- [ABOUT THIS TASK]:
Please transcribe each of the records exactly as given.
*** Begin section ***
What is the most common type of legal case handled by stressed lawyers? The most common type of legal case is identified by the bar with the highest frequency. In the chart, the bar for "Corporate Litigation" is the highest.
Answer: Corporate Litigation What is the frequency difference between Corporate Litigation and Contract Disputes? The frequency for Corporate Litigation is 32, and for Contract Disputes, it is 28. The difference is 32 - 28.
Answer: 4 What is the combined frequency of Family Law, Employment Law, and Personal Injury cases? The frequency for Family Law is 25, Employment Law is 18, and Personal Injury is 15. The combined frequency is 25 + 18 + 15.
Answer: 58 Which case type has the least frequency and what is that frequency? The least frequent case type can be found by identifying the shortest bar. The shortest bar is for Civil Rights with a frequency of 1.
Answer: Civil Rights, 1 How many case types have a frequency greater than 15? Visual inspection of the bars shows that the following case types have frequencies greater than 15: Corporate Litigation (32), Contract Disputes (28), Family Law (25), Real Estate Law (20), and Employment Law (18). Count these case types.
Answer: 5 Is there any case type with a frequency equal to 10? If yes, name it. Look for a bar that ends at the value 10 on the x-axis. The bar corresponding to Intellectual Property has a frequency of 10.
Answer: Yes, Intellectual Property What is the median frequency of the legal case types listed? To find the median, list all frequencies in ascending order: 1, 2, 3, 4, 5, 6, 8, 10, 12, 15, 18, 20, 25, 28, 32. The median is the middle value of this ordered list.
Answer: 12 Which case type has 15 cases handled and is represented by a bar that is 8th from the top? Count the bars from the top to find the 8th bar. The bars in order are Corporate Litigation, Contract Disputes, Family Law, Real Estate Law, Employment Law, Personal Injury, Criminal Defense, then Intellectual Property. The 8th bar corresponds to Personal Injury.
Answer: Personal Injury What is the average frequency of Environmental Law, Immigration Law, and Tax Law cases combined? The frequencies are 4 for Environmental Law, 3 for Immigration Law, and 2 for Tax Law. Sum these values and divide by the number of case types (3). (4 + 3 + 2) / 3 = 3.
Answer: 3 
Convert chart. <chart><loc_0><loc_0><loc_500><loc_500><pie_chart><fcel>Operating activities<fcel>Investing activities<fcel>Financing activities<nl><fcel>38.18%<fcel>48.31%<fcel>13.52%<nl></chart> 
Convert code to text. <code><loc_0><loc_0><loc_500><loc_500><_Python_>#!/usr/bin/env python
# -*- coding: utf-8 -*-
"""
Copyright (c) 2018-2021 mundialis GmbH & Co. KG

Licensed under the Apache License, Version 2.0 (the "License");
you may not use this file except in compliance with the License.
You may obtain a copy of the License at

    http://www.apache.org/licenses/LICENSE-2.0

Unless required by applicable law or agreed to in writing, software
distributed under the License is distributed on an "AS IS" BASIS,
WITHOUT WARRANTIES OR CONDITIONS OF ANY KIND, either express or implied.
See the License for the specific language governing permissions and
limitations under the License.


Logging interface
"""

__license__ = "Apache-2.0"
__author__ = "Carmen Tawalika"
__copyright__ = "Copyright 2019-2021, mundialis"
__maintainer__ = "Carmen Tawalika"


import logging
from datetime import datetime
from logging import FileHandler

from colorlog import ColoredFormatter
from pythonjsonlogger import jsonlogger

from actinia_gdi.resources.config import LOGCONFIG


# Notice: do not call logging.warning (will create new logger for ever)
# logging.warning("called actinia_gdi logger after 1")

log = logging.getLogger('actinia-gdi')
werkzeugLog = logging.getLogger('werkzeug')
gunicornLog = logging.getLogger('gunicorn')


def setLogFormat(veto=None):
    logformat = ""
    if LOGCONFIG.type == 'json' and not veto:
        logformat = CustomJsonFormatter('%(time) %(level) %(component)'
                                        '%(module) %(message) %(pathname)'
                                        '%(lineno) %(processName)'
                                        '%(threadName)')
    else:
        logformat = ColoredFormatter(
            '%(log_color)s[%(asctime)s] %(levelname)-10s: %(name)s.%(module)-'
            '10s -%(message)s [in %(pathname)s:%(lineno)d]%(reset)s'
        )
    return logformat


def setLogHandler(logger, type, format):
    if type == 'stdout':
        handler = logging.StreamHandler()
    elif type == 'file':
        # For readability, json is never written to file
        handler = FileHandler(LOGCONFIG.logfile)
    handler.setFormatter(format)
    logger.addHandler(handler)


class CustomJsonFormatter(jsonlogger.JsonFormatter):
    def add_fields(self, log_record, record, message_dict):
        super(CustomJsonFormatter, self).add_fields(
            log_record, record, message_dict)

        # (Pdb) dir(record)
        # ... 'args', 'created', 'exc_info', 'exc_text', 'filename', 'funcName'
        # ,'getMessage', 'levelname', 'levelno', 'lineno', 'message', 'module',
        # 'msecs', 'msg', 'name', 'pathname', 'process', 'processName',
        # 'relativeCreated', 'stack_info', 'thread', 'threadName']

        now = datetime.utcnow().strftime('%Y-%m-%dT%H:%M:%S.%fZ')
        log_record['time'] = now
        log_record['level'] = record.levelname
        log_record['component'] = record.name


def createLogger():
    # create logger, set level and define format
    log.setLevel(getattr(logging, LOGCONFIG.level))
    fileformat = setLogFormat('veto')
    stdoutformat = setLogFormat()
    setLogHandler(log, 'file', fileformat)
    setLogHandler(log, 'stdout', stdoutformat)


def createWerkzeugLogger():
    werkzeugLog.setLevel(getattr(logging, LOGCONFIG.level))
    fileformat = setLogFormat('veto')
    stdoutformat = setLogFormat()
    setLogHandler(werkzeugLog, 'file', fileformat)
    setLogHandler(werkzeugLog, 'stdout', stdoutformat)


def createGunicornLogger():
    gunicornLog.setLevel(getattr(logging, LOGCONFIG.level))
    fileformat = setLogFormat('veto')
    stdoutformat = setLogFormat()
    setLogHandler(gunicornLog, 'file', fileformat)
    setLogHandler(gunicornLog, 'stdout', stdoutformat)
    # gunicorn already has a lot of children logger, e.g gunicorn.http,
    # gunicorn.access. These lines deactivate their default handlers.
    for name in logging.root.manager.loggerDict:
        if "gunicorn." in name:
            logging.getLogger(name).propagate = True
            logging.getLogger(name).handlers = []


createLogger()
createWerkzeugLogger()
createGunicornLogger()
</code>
*** End section ***
- [ANSWER BELOW]:
What is the most common type of legal case handled by stressed lawyers? The most common type of legal case is identified by the bar with the highest frequency. In the chart, the bar for "Corporate Litigation" is the highest.
Answer: Corporate Litigation What is the frequency difference between Corporate Litigation and Contract Disputes? The frequency for Corporate Litigation is 32, and for Contract Disputes, it is 28. The difference is 32 - 28.
Answer: 4 What is the combined frequency of Family Law, Employment Law, and Personal Injury cases? The frequency for Family Law is 25, Employment Law is 18, and Personal Injury is 15. The combined frequency is 25 + 18 + 15.
Answer: 58 Which case type has the least frequency and what is that frequency? The least frequent case type can be found by identifying the shortest bar. The shortest bar is for Civil Rights with a frequency of 1.
Answer: Civil Rights, 1 How many case types have a frequency greater than 15? Visual inspection of the bars shows that the following case types have frequencies greater than 15: Corporate Litigation (32), Contract Disputes (28), Family Law (25), Real Estate Law (20), and Employment Law (18). Count these case types.
Answer: 5 Is there any case type with a frequency equal to 10? If yes, name it. Look for a bar that ends at the value 10 on the x-axis. The bar corresponding to Intellectual Property has a frequency of 10.
Answer: Yes, Intellectual Property What is the median frequency of the legal case types listed? To find the median, list all frequencies in ascending order: 1, 2, 3, 4, 5, 6, 8, 10, 12, 15, 18, 20, 25, 28, 32. The median is the middle value of this ordered list.
Answer: 12 Which case type has 15 cases handled and is represented by a bar that is 8th from the top? Count the bars from the top to find the 8th bar. The bars in order are Corporate Litigation, Contract Disputes, Family Law, Real Estate Law, Employment Law, Personal Injury, Criminal Defense, then Intellectual Property. The 8th bar corresponds to Personal Injury.
Answer: Personal Injury What is the average frequency of Environmental Law, Immigration Law, and Tax Law cases combined? The frequencies are 4 for Environmental Law, 3 for Immigration Law, and 2 for Tax Law. Sum these values and divide by the number of case types (3). (4 + 3 + 2) / 3 = 3.
Answer: 3 
Convert chart. <chart><loc_0><loc_0><loc_500><loc_500><pie_chart><fcel>Operating activities<fcel>Investing activities<fcel>Financing activities<nl><fcel>38.18%<fcel>48.31%<fcel>13.52%<nl></chart> 
Convert code to text. <code><loc_0><loc_0><loc_500><loc_500><_Python_>#!/usr/bin/env python
# -*- coding: utf-8 -*-
"""
Copyright (c) 2018-2021 mundialis GmbH & Co. KG

Licensed under the Apache License, Version 2.0 (the "License");
you may not use this file except in compliance with the License.
You may obtain a copy of the License at

    http://www.apache.org/licenses/LICENSE-2.0

Unless required by applicable law or agreed to in writing, software
distributed under the License is distributed on an "AS IS" BASIS,
WITHOUT WARRANTIES OR CONDITIONS OF ANY KIND, either express or implied.
See the License for the specific language governing permissions and
limitations under the License.


Logging interface
"""

__license__ = "Apache-2.0"
__author__ = "Carmen Tawalika"
__copyright__ = "Copyright 2019-2021, mundialis"
__maintainer__ = "Carmen Tawalika"


import logging
from datetime import datetime
from logging import FileHandler

from colorlog import ColoredFormatter
from pythonjsonlogger import jsonlogger

from actinia_gdi.resources.config import LOGCONFIG


# Notice: do not call logging.warning (will create new logger for ever)
# logging.warning("called actinia_gdi logger after 1")

log = logging.getLogger('actinia-gdi')
werkzeugLog = logging.getLogger('werkzeug')
gunicornLog = logging.getLogger('gunicorn')


def setLogFormat(veto=None):
    logformat = ""
    if LOGCONFIG.type == 'json' and not veto:
        logformat = CustomJsonFormatter('%(time) %(level) %(component)'
                                        '%(module) %(message) %(pathname)'
                                        '%(lineno) %(processName)'
                                        '%(threadName)')
    else:
        logformat = ColoredFormatter(
            '%(log_color)s[%(asctime)s] %(levelname)-10s: %(name)s.%(module)-'
            '10s -%(message)s [in %(pathname)s:%(lineno)d]%(reset)s'
        )
    return logformat


def setLogHandler(logger, type, format):
    if type == 'stdout':
        handler = logging.StreamHandler()
    elif type == 'file':
        # For readability, json is never written to file
        handler = FileHandler(LOGCONFIG.logfile)
    handler.setFormatter(format)
    logger.addHandler(handler)


class CustomJsonFormatter(jsonlogger.JsonFormatter):
    def add_fields(self, log_record, record, message_dict):
        super(CustomJsonFormatter, self).add_fields(
            log_record, record, message_dict)

        # (Pdb) dir(record)
        # ... 'args', 'created', 'exc_info', 'exc_text', 'filename', 'funcName'
        # ,'getMessage', 'levelname', 'levelno', 'lineno', 'message', 'module',
        # 'msecs', 'msg', 'name', 'pathname', 'process', 'processName',
        # 'relativeCreated', 'stack_info', 'thread', 'threadName']

        now = datetime.utcnow().strftime('%Y-%m-%dT%H:%M:%S.%fZ')
        log_record['time'] = now
        log_record['level'] = record.levelname
        log_record['component'] = record.name


def createLogger():
    # create logger, set level and define format
    log.setLevel(getattr(logging, LOGCONFIG.level))
    fileformat = setLogFormat('veto')
    stdoutformat = setLogFormat()
    setLogHandler(log, 'file', fileformat)
    setLogHandler(log, 'stdout', stdoutformat)


def createWerkzeugLogger():
    werkzeugLog.setLevel(getattr(logging, LOGCONFIG.level))
    fileformat = setLogFormat('veto')
    stdoutformat = setLogFormat()
    setLogHandler(werkzeugLog, 'file', fileformat)
    setLogHandler(werkzeugLog, 'stdout', stdoutformat)


def createGunicornLogger():
    gunicornLog.setLevel(getattr(logging, LOGCONFIG.level))
    fileformat = setLogFormat('veto')
    stdoutformat = setLogFormat()
    setLogHandler(gunicornLog, 'file', fileformat)
    setLogHandler(gunicornLog, 'stdout', stdoutformat)
    # gunicorn already has a lot of children logger, e.g gunicorn.http,
    # gunicorn.access. These lines deactivate their default handlers.
    for name in logging.root.manager.loggerDict:
        if "gunicorn." in name:
            logging.getLogger(name).propagate = True
            logging.getLogger(name).handlers = []


createLogger()
createWerkzeugLogger()
createGunicornLogger()
</code>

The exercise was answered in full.